Here is a colab link to open comfyUI

https://github.com/FurkanGozukara/Stable-Diffusion/blob/main...

ChildOfChaos · 2 years ago
They blocked this now on the free version of colab sadly.
imranq · 2 years ago
While SD is pretty interesting, I'm curious what do people use it for? Outside of custom greeting cards and backgrounds, it's not really precise enough for conceptual art nor is it consistent enough for animation.
Filligree · 2 years ago
Illustrating my fanfiction.
tayo42 · 2 years ago
With the luggage example it seems to only generate backgrounds where the lighting makes sense? That's kind of interesting.

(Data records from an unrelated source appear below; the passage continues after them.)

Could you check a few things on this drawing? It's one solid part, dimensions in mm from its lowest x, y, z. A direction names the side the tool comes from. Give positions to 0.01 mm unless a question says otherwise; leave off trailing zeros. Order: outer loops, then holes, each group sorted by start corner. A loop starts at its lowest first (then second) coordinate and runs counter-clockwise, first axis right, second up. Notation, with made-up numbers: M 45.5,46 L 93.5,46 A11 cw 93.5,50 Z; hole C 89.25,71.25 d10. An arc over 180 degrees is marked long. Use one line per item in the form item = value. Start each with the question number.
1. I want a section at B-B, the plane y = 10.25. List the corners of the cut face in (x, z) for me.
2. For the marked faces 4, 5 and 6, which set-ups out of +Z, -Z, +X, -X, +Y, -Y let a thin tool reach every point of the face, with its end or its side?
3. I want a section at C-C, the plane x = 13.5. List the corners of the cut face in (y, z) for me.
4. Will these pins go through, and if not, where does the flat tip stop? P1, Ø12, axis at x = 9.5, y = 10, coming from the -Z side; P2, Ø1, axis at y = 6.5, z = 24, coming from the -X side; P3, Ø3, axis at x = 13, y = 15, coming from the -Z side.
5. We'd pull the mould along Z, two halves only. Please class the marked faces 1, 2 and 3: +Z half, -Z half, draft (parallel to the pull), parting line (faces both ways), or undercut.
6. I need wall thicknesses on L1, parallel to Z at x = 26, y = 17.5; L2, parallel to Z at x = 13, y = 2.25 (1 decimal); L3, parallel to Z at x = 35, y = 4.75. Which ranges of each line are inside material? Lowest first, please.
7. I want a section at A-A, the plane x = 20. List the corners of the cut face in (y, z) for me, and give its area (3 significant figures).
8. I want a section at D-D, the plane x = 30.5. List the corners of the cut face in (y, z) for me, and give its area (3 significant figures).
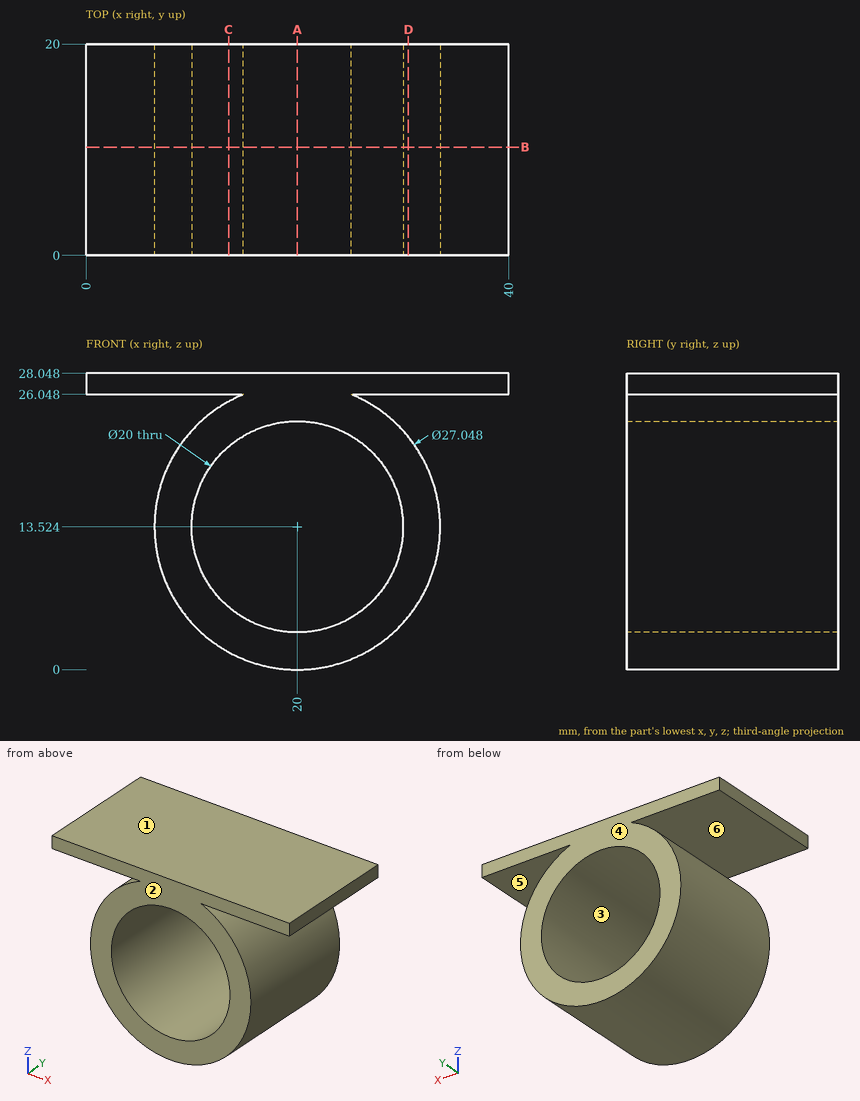
Check result:
q1.outline = M 0,26.05 L 14.9,26.05 A13.52 ccw long 25.1,26.05 L 40,26.05 L 40,28.05 L 0,28.05 Z; hole C 20,13.52 d20
q2.face_4 = +Z, -Z, +X, -X, +Y
q2.face_5 = +X, +Y, -Y
q2.face_6 = -X, +Y, -Y
q3.outline = M 0,1.66 L 20,1.66 L 20,5.92 L 0,5.92 Z; M 0,21.12 L 20,21.12 L 20,25.38 L 0,25.38 Z; M 0,26.05 L 20,26.05 L 20,28.05 L 0,28.05 Z
q4.P1 = 0.77
q4.P2 = 10.87
q4.P3 = 1.17
q5.face_1 = +Z half
q5.face_2 = draft
q5.face_3 = undercut
q6.L1 = 1.4 to 5.52, 21.52 to 25.64, 26.05 to 28.05
q6.L2 = 2 to 6.4, 20.7 to 25.1, 26 to 28
q6.L3 = 26.05 to 28.05
q7.outline = M 0,0 L 20,0 L 20,3.52 L 0,3.52 Z; M 0,23.52 L 20,23.52 L 20,28.05 L 0,28.05 Z
q7.area = 161 mm2
q8.outline = M 0,5 L 20,5 L 20,22.05 L 0,22.05 Z; M 0,26.05 L 20,26.05 L 20,28.05 L 0,28.05 Z
q8.area = 381 mm2

I was wondering how it would handle the highlight on the right.
minimaxir · 2 years ago
Giving Stable Diffusion constraints forces it to get creative.

It’s the best argument against “AI generated images are just collages”.

Der_Einzige · 2 years ago
This is a general result. For example, ChatGPT struggles hard with following lexical, syntactic, or phonetic constraints in prompts due to the tokenization scheme - see https://paperswithcode.com/paper/most-language-models-can-be...

LLMs + Diffusors are super charged when using techniques like constraints, controlnet, regional prompting, and related techniques.

zamalek · 2 years ago
In ComfyUI you could run the image through a style-to-style (sdxl refinement might even pull it off) model to change the lighting without changing the content. Or use another ControlNet. Your workflow can get arbitrarily complex.
Alifatisk · 2 years ago
If I have a large dataset or photos with my face? Can I generate my own images in different places and environments using this?
gbrits · 2 years ago
Yep. Lora's are the easiest way to go. Loads of tutorials on Youtube. This is a good one: https://www.youtube.com/watch?v=70H03cv57-o
Alifatisk · 2 years ago
Looks like it requires good hardware to run this? My GPU is too old for this.